In another camp in Bagan in Guindulungan town, pregnant mothers lugging their equally malnourished children queue for free prenatal checkups and vitamins.
But a woman in Dapiawan, Datu Piang, is not as lucky as other mothers in the camp. With puffed eyes, yellowing skin and thinning frame, Zainab Kaguiomar looks sore. She has been diagnosed with schitosomiasis, a disease caused by parasitic blood flukes found in running streams where the worms lodge in snails, enter the skin, and attack the liver and other organs.
American doctor David Spence, who is in the country for a six-month mission with MSF, has helped Zainab relieve the pain since she presented her case in July. But her illness is now on its late stage.
“There has been irreversible damage to her liver and spleen and she’s extremely anemic,” says Spence. He is not giving up, though. “I am confident we can find ways to treat her through our hospital partners.”
The 40-year-old woman with three school-aged children was one of the first mothers who evacuated the village of Gawang in Datu Saudi Ampatuan the day the war broke out in August last year. Zainab has lost count of the times her family evacuated their home, and she asks: “When can we go home?”
For now, Zainab is waging a different battle, but she is not going to surrender yet. “I have a land to cultivate. I want to grow old with my family by my side. I’m still young to just die here,” she says with an interpreter.
MSF program
Founded by a group of French doctors and a group of journalists in 1971, the MSF, the Nobel Peace Prize awardee in 1991, has become a global aid organization delivering medical support to populations in danger. It provides services to everyone regardless of race, creed, country and religion, and is a politically impartial and neutral organization.
Having independent funding is essential to the MSF mission.
The group has been working in the Philippines since the 1990s, implementing medical programs in various areas. It left in 2005 and restarted activities in November last year following the upsurge of fighting in Mindanao.
Ten expatriate doctors, nurses and logisticians from several countries and 50 local staff members provide regular care in eight evacuation centers in Datu Piang, Datu Odin Sinsuat, Guindulungan, Mamasapano and Datu Saudi Ampatuan, all in Maguindanao, and Pigcawayan in North Cotabato. Currently, the group is scouting for new places to serve.
The MSF-Philippines has performed over 30,000 checkups, treatment and disease prevention measures, which supplies vitamins to every member of the family as supplement to their normal diet.
Common illnesses hounding the population in camps are respiratory diseases, body pain, headaches, fever, diarrhea and injuries from petty accidents. A few children show signs of acute malnutrition.
Some cases of tuberculosis and measles are referred to hospitals in Cotabato City.

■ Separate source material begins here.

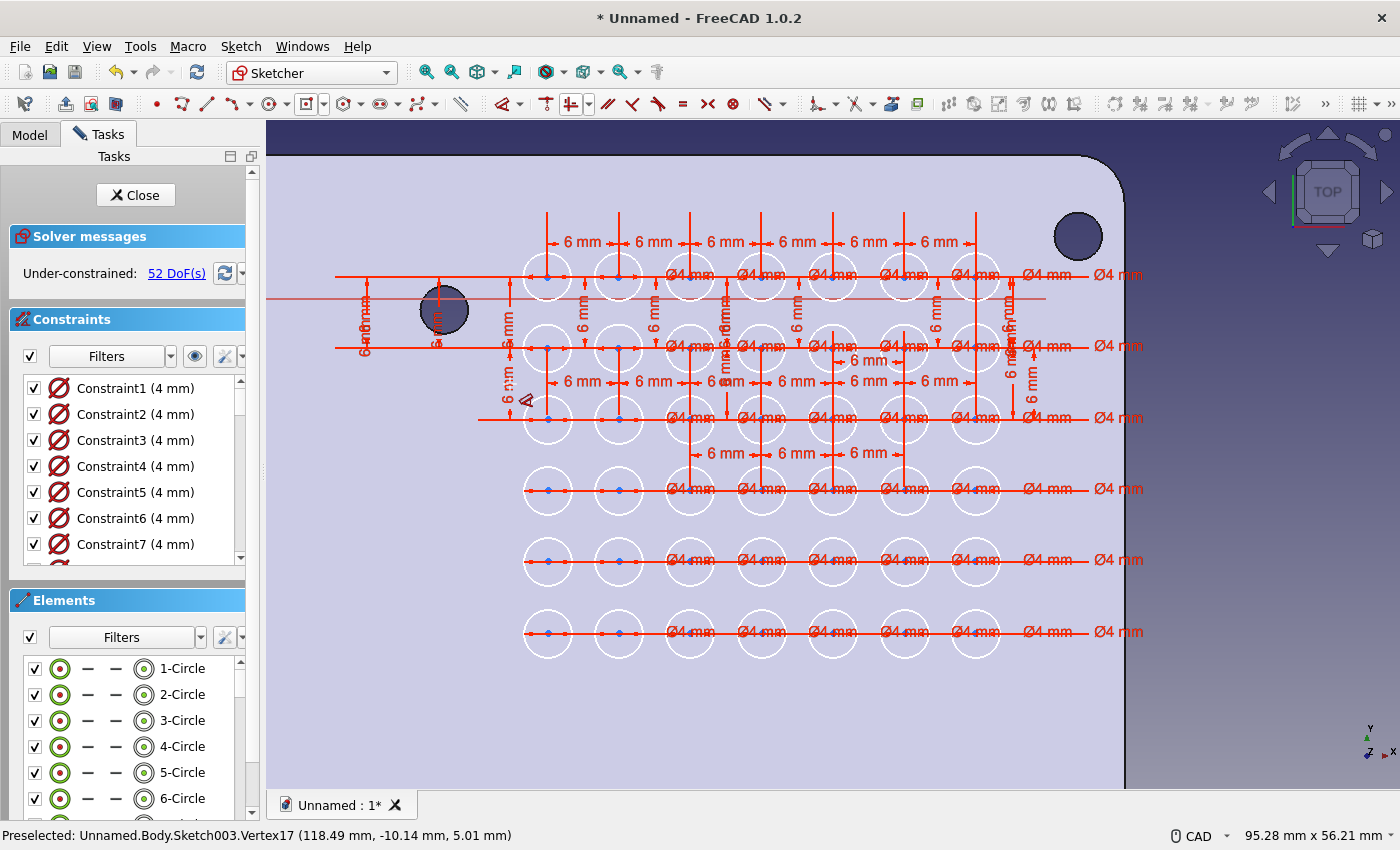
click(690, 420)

To improve sanitary conditions, the MSF has worked on draining water and sewage systems, and has also provided drinking water to over 5,000 displaced people in Mamapasano.

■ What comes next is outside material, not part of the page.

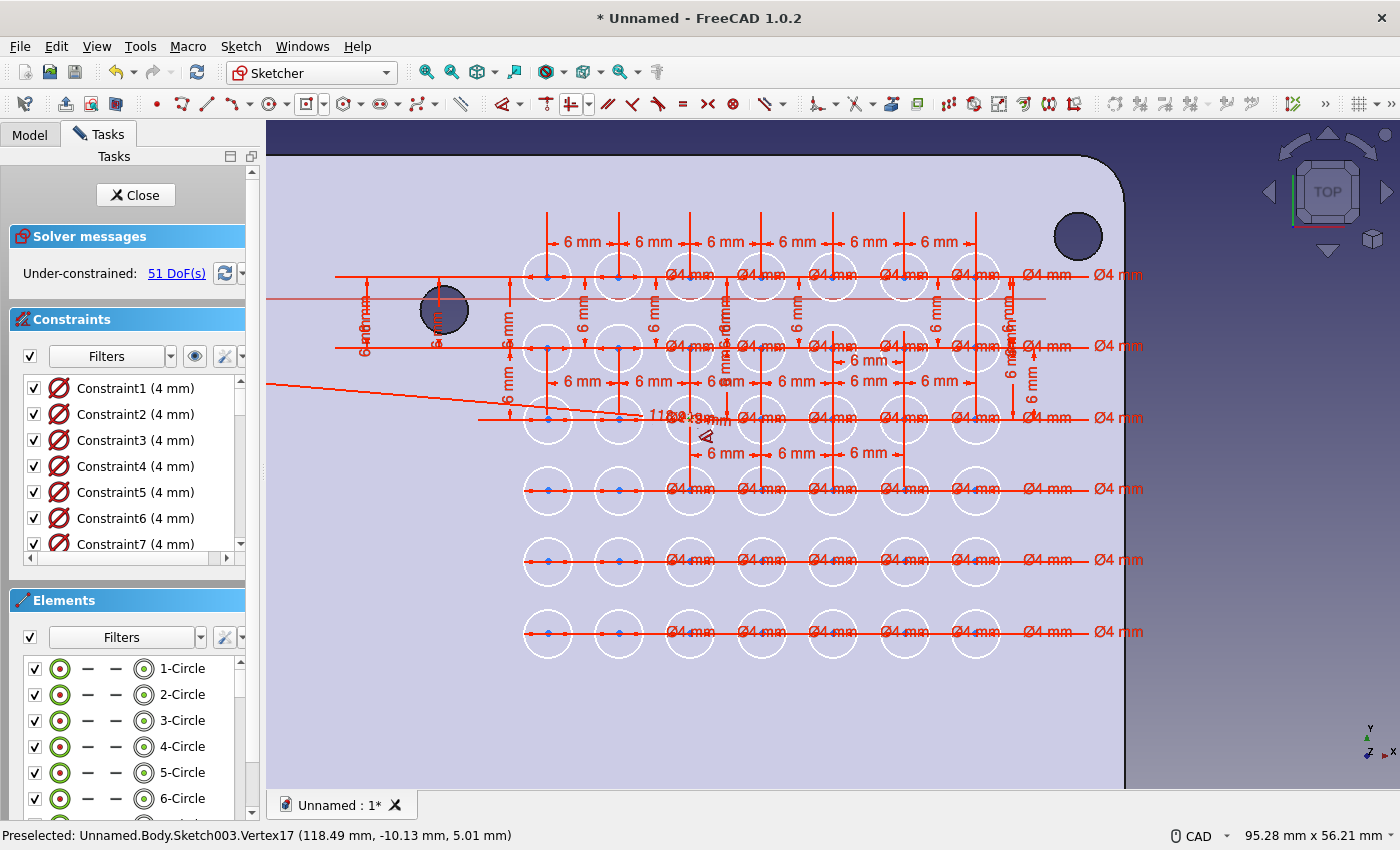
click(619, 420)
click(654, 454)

When Maguindanao is under heavy artillery attacks by the government and rebel forces, missions are stopped temporarily. But hopes are up for the MSF to last in the camps since the route to peace is now open between the warring forces.
Expat doctors, nurses
“We’ll be hanging around here until next summer. But we’ll never know what’s going to happen come election time,” says Harding.
While other doctors and nurses work in swanky settings, only a few sign up to labor in the most difficult conditions, such as conflict zones and disaster sites. The MSF allows doctors and nurses to do just that.
Foreign nationals from Austria, Australia, Canada, England, Switzerland and the United States are working in Cotabato City in the midst of armed conflict and wide-ranging diseases. Swiss Bertrand Rossier is the head of Mission in the Philippines.